初日に観て、しばらく感想あっためておりましたが、そろそろ書いておきます。

意外にも、すんなり馴染んで感動して、途中から号泣しながらの鑑賞でした。

そんなに期待してなかったって言ったらヘンだけど、実際そんなに期待はしてなかったのかも。

明らかにわたしが普段好んで観る映画とは違いますし、
小百合さんはわたしの母親世代、しかも日本を代表する大女優さんで、
予告やPRの雰囲気から、完全にシニア向けなんだろ〜な〜、と思っていたのと、
湊さんの原作が「ふーん」って感じだったので、
阪本監督作品だってことと、若手6人の共演が楽しみだー、くらいな感じで観ました。

でもね、わたしは自分の習性をひとつ、忘れておりました。

それは、根っからの「アイドル好き」ってところです(笑)

「北のカナリアたち」
それはわたしにとって、壮大かつ重厚な一大アイドル映画でした。
常に日本女優界のトップを突っ走ってきた吉永小百合さんを、
「日本の究極のトップアイドル」と位置づけると、
この映画を観られたことが本当に幸せに思えてくるのでした

アイドルっていうと、一段下に見る方もいると思うんですけど、
わたしの中では、「アイドル映画=くだらないもの」という構図はありませんので、そこだけはお間違いないよう読んでいただければ、と。
あと、わたしは「アイドル」というのは本当に尊い職業だと思っていますので、そこも誤解なきよう

映画自体の感想、というより、わたしの感じたサユリ論になってしまった感じもありますが
万一ご興味ありましたら読んでやってください。

はっきりとしたネタバレはしないように気をつけて書いたつもり

長文です。

この映画で描かれているのは、「自分を許せない」という苦しみを抱えてきた人たちが、小百合さん演じるはる先生に解きほぐされて行く姿です。
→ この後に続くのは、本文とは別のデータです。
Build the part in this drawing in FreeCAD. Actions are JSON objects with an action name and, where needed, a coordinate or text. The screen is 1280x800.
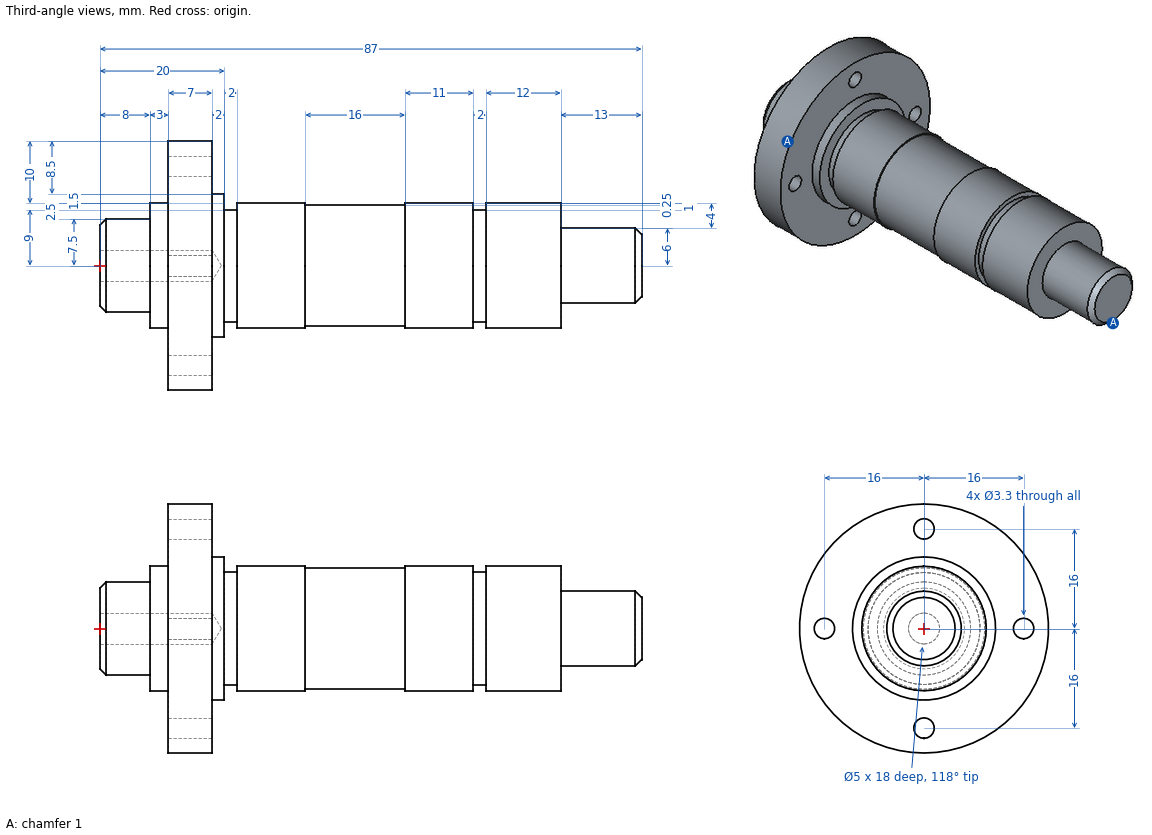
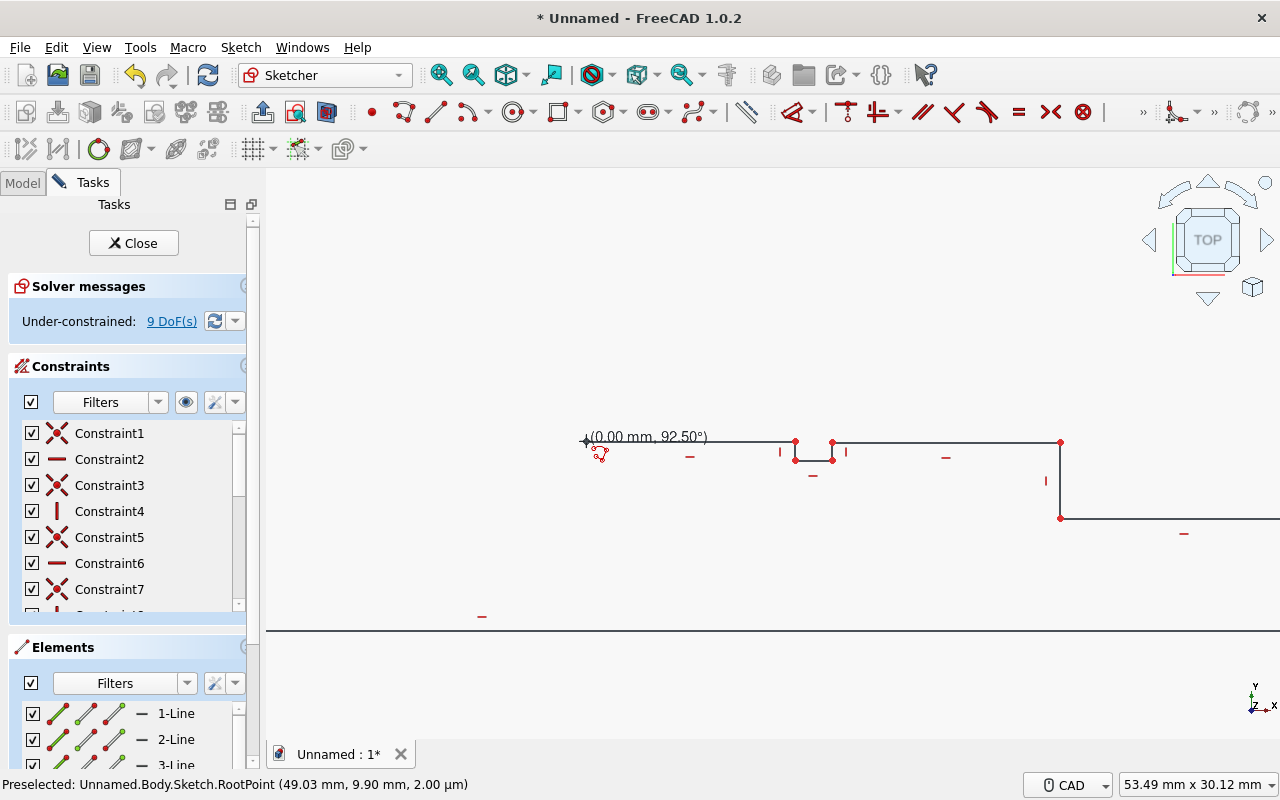
{"action": "scroll", "coordinate": [586, 446], "scroll_direction": "up", "scroll_amount": 7}

若いアイドルちゃんの映画なら、アイドルパワーで、泣いて笑って、最後は明るく前向きに、が求められてるのかもしれませんが、

この映画では、
はる先生がその苦しみを少しだけ軽くすることはできるんだけど、それでも抱えていかなくては行けない苦しみがこの先もずっと存在することをちゃんと認めています。

そしてその上で「あなたは一人じゃない」「生きていていいんだよ」と問いかけてくる。

そんなはる先生自身が、ずっと自分を許せないで生きてきた人、というところがまた深い。

終盤、すべての謎が次々氷解するところは、2回観た2回とも、タオルなしでは見られない状態でした。
嗚咽するというより、自分の中にもこんなキレイな涙があったんだってくらい、ハラハラと涙がこぼれ落ちる感じで。

映画全体を冷静に見れば、「おや?」と思うディテールはそりゃあるんですよ。
40代のはる先生と、60代のはる先生が髪型しか変わってないやーん!!とか、
トオルさん演じる警察官の周辺だけ、描き方が異質になっていて、お話としてはすんなり入ってこなかったりとか、
里見さん演じるパパや、恭平さんとの年齢問題とかもありますし。
涼くんもよく言っていた「説明セリフ」に頼る構成とか、栄子ちゃんの修羅場描写は唐突だったよなー、とか。

でも、そのすべてを忘れさせてくれるのが、映画の真ん中で燦然と輝く小百合さんなのですわ。

はる先生のふとした微笑みや、大人になった教え子たちの話を聞くひたむきな視線とか、
「みんなみんな、○○ちゃんのことが好きだから」と叫ぶ表情や声。
そういうものに、わたしも映画の生徒たち同様、心から救われてしまったのでした。

それと、映画のもうひとつの重要要素である「歌」です。

子役たちのオーディションで、お芝居の上手さより、歌が好きかどうか、歌声がきれいかかどうかで選んだという話がありましたが、これ大正解だったと思います〜

いっくら「天使の歌声」って言ったって、映画やお芝居の中では若干しらける部分があったりするのが普通ですが、
この映画の子どもたちの歌声は、まさに「天使」でした。

子どもたちが歌うたびに、無条件に涙腺がぶわわわっと揺らいでしまい、
「歌がうまい」ことを褒められた子どもたちが、それぞれにどれだけ救われたかとか、そういうことまで自動的に伝わってきて、
最後までとにかく、歌のシーンでは泣いてました。
クリスマス・コンサートのシーンは特によかったです。

「歌」と「スーパーアイドル」、、、

わたしの大好きな二つの要素が、人が生きることの苦しさ、切なさ、友情、恋、恩師への想いなどなど、
人生のあれこれをじっくり丁寧に、大人向けにアレンジされて映画に溶け込んでる。

うーん、、、、これは感動せざるを得ませんね(笑)

小百合さんは、映画一筋、芸能生活55年、出演映画数116本、という筋金入りの大女優さんですが、
わたしにとっては同時に、とても当たり前で、そしてとっても遠い存在だったのです。
つまりは「スタア」ってやつですね。

それは例えば、エッフェル塔のような、富士山のような、
一つの国を代表するような大きな存在であって、
それでいて常に当たり前にそこにいて、意識もしないで来たような存在です。

ほとんどCMでしか見たことなかったし、若い頃の小百合さんは、わたしの好きなタイプとはちょっと違う(清純派より毒がある女優さんが好きなので)というのもあって、今まで単に「アイコン」としてしか見ていなかったんだな、と思いました。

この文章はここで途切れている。